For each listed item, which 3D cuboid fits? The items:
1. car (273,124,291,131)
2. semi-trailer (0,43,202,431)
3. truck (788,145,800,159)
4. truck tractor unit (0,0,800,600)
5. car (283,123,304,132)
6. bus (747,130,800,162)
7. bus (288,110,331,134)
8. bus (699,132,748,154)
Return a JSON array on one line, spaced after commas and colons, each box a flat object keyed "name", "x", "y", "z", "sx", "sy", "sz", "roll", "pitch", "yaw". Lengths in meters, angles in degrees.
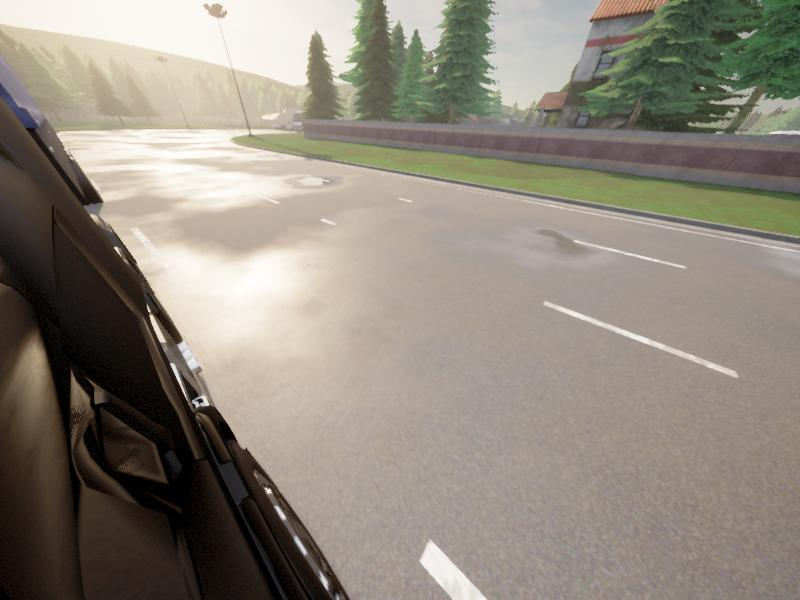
[{"name": "car", "x": -31.315, "y": -45.850, "z": 61.409, "sx": 1.816, "sy": 1.474, "sz": 4.193, "roll": 16, "pitch": 39, "yaw": 16}, {"name": "semi-trailer", "x": -8.690, "y": -3.619, "z": 4.224, "sx": 14.254, "sy": 4.402, "sz": 2.717, "roll": 28, "pitch": 44, "yaw": 30}, {"name": "truck", "x": 91.572, "y": -33.146, "z": 51.719, "sx": 2.627, "sy": 2.467, "sz": 5.204, "roll": 27, "pitch": 43, "yaw": 28}, {"name": "truck tractor unit", "x": -2.645, "y": -0.295, "z": 0.352, "sx": 6.516, "sy": 4.208, "sz": 3.053, "roll": 28, "pitch": 44, "yaw": 30}, {"name": "car", "x": -27.843, "y": -45.325, "z": 60.802, "sx": 2.033, "sy": 1.649, "sz": 4.856, "roll": 16, "pitch": 39, "yaw": 16}, {"name": "bus", "x": 69.561, "y": -28.310, "z": 42.360, "sx": 10.273, "sy": 4.253, "sz": 3.944, "roll": -29, "pitch": 48, "yaw": -36}, {"name": "bus", "x": -21.794, "y": -43.751, "z": 56.925, "sx": 3.944, "sy": 4.253, "sz": 10.273, "roll": 14, "pitch": 38, "yaw": 14}, {"name": "bus", "x": 81.606, "y": -39.999, "z": 58.708, "sx": 3.944, "sy": 4.253, "sz": 10.273, "roll": 27, "pitch": 43, "yaw": 28}]

━━━━━━━━━━━━━━━━━━━━

▶ _Work request_: Everything in the records above should be printed again exactly, except the pictures.

▶ _Answer space_:
For each listed item, which 3D cuboid fits? The items:
1. car (273,124,291,131)
2. semi-trailer (0,43,202,431)
3. truck (788,145,800,159)
4. truck tractor unit (0,0,800,600)
5. car (283,123,304,132)
6. bus (747,130,800,162)
7. bus (288,110,331,134)
8. bus (699,132,748,154)
Return a JSON array on one line, spaced after commas and colons, each box a flat object keyed "name", "x", "y", "z", "sx", "sy", "sz", "roll", "pitch", "yaw". Lengths in meters, angles in degrees.
[{"name": "car", "x": -31.315, "y": -45.850, "z": 61.409, "sx": 1.816, "sy": 1.474, "sz": 4.193, "roll": 16, "pitch": 39, "yaw": 16}, {"name": "semi-trailer", "x": -8.690, "y": -3.619, "z": 4.224, "sx": 14.254, "sy": 4.402, "sz": 2.717, "roll": 28, "pitch": 44, "yaw": 30}, {"name": "truck", "x": 91.572, "y": -33.146, "z": 51.719, "sx": 2.627, "sy": 2.467, "sz": 5.204, "roll": 27, "pitch": 43, "yaw": 28}, {"name": "truck tractor unit", "x": -2.645, "y": -0.295, "z": 0.352, "sx": 6.516, "sy": 4.208, "sz": 3.053, "roll": 28, "pitch": 44, "yaw": 30}, {"name": "car", "x": -27.843, "y": -45.325, "z": 60.802, "sx": 2.033, "sy": 1.649, "sz": 4.856, "roll": 16, "pitch": 39, "yaw": 16}, {"name": "bus", "x": 69.561, "y": -28.310, "z": 42.360, "sx": 10.273, "sy": 4.253, "sz": 3.944, "roll": -29, "pitch": 48, "yaw": -36}, {"name": "bus", "x": -21.794, "y": -43.751, "z": 56.925, "sx": 3.944, "sy": 4.253, "sz": 10.273, "roll": 14, "pitch": 38, "yaw": 14}, {"name": "bus", "x": 81.606, "y": -39.999, "z": 58.708, "sx": 3.944, "sy": 4.253, "sz": 10.273, "roll": 27, "pitch": 43, "yaw": 28}]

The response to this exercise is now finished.